Task to carry out
Leave out all pictures and retype exactly the lines from the one with "ans = zeros(Int,100)" through the last line of the material.

The data

◆ ◆ ◆

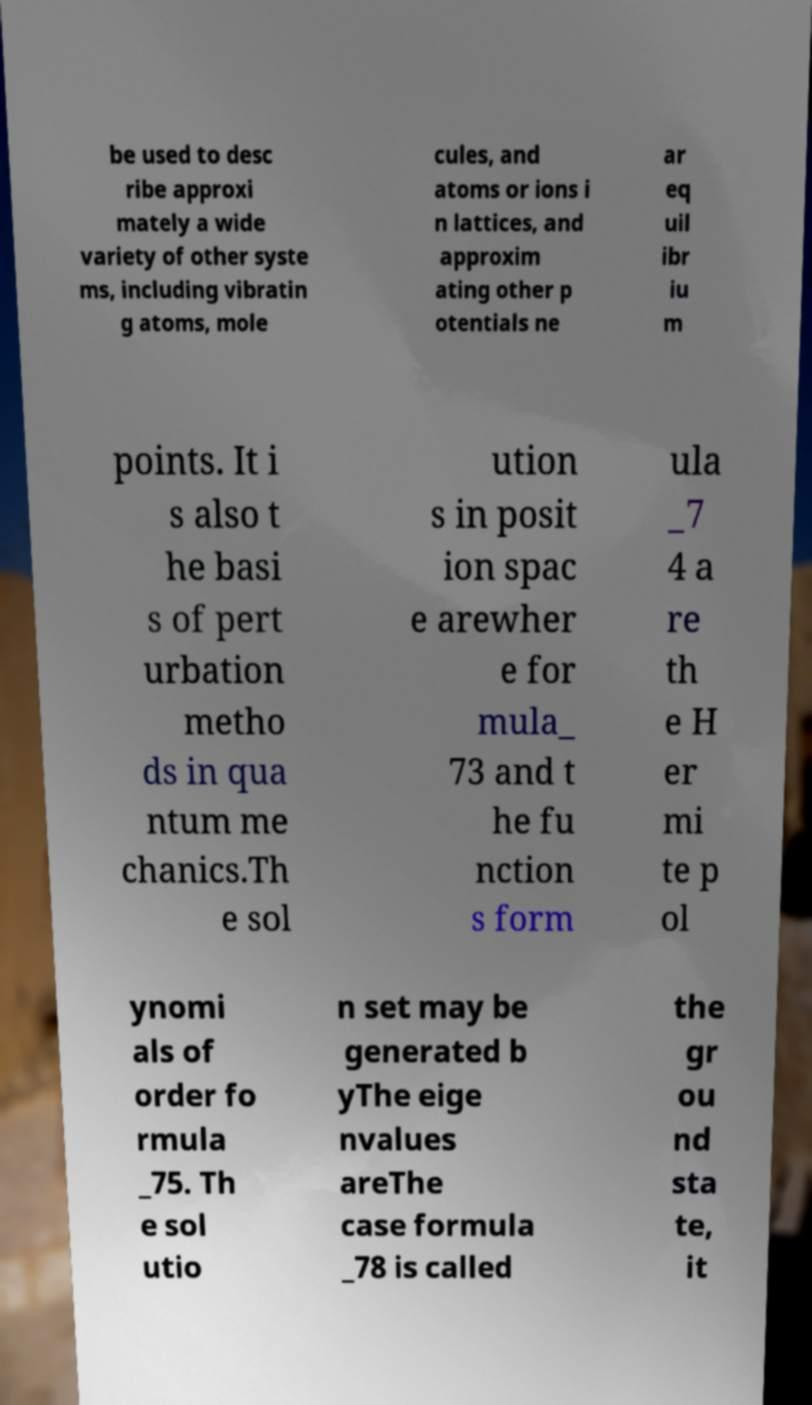Can you accurately transcribe the text from the provided image for me? be used to desc ribe approxi mately a wide variety of other syste ms, including vibratin g atoms, mole cules, and atoms or ions i n lattices, and approxim ating other p otentials ne ar eq uil ibr iu m points. It i s also t he basi s of pert urbation metho ds in qua ntum me chanics.Th e sol ution s in posit ion spac e arewher e for mula_ 73 and t he fu nction s form ula _7 4 a re th e H er mi te p ol ynomi als of order fo rmula _75. Th e sol utio n set may be generated b yThe eige nvalues areThe case formula _78 is called the gr ou nd sta te, it 
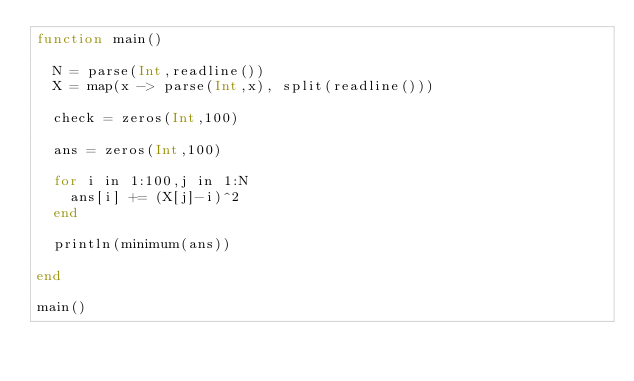<code> <loc_0><loc_0><loc_500><loc_500><_Julia_>function main()
  
  N = parse(Int,readline())
  X = map(x -> parse(Int,x), split(readline()))
  
  check = zeros(Int,100)
  
  ans = zeros(Int,100)
  
  for i in 1:100,j in 1:N
    ans[i] += (X[j]-i)^2
  end
  
  println(minimum(ans))
  
end

main()</code> 
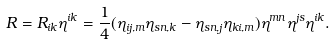Convert formula to latex. <formula><loc_0><loc_0><loc_500><loc_500>R = R _ { i k } \eta ^ { i k } = \frac { 1 } { 4 } ( \eta _ { i j , m } \eta _ { s n , k } - \eta _ { s n , j } \eta _ { k i , m } ) \eta ^ { m n } \eta ^ { j s } \eta ^ { i k } .</formula> 
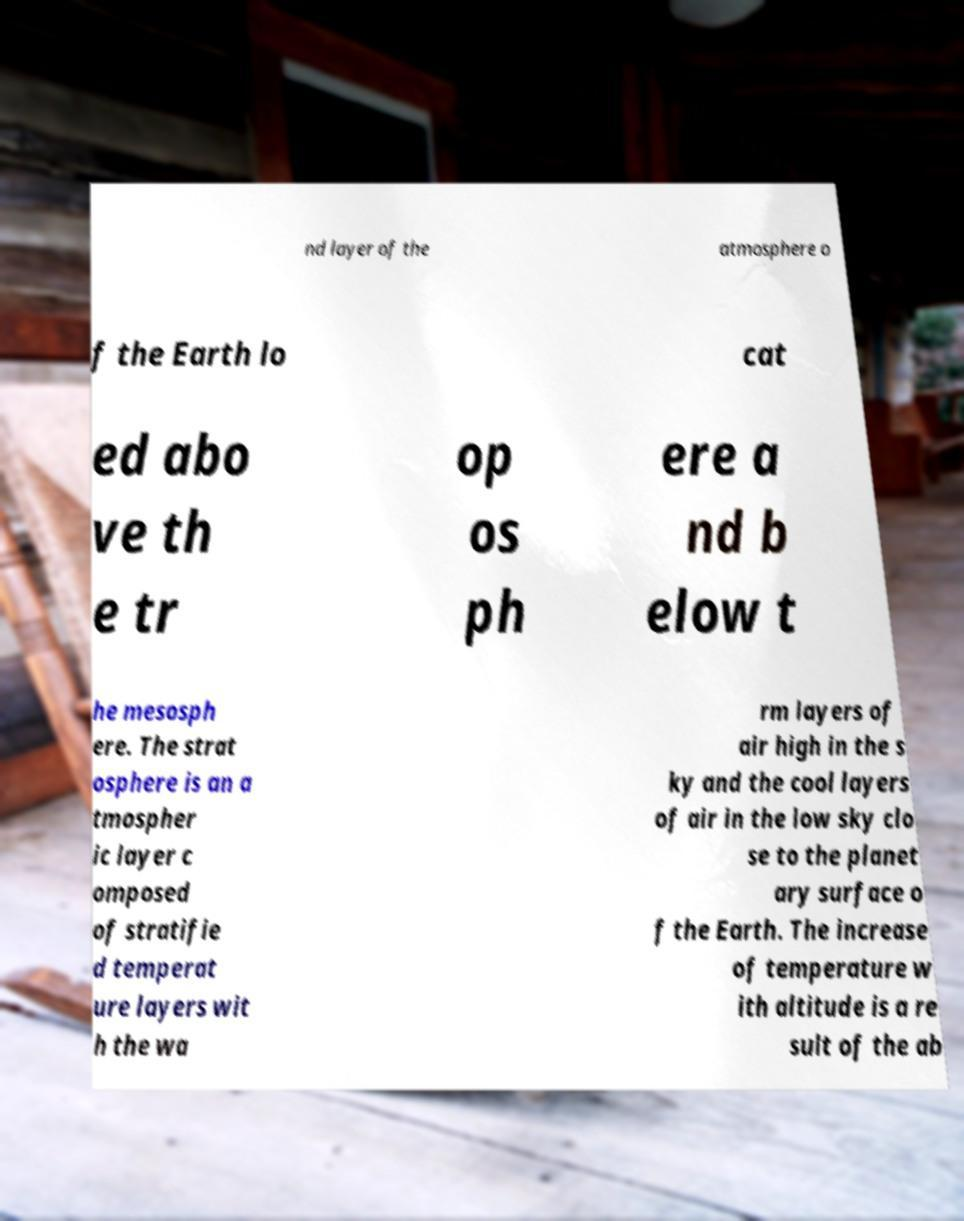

◆ ◆ ◆

Output for this exercise
  ans = zeros(Int,100)
  
  for i in 1:100,j in 1:N
    ans[i] += (X[j]-i)^2
  end
  
  println(minimum(ans))
  
end

main()</code> 
Convert formula to latex. <formula><loc_0><loc_0><loc_500><loc_500>R = R _ { i k } \eta ^ { i k } = \frac { 1 } { 4 } ( \eta _ { i j , m } \eta _ { s n , k } - \eta _ { s n , j } \eta _ { k i , m } ) \eta ^ { m n } \eta ^ { j s } \eta ^ { i k } .</formula> 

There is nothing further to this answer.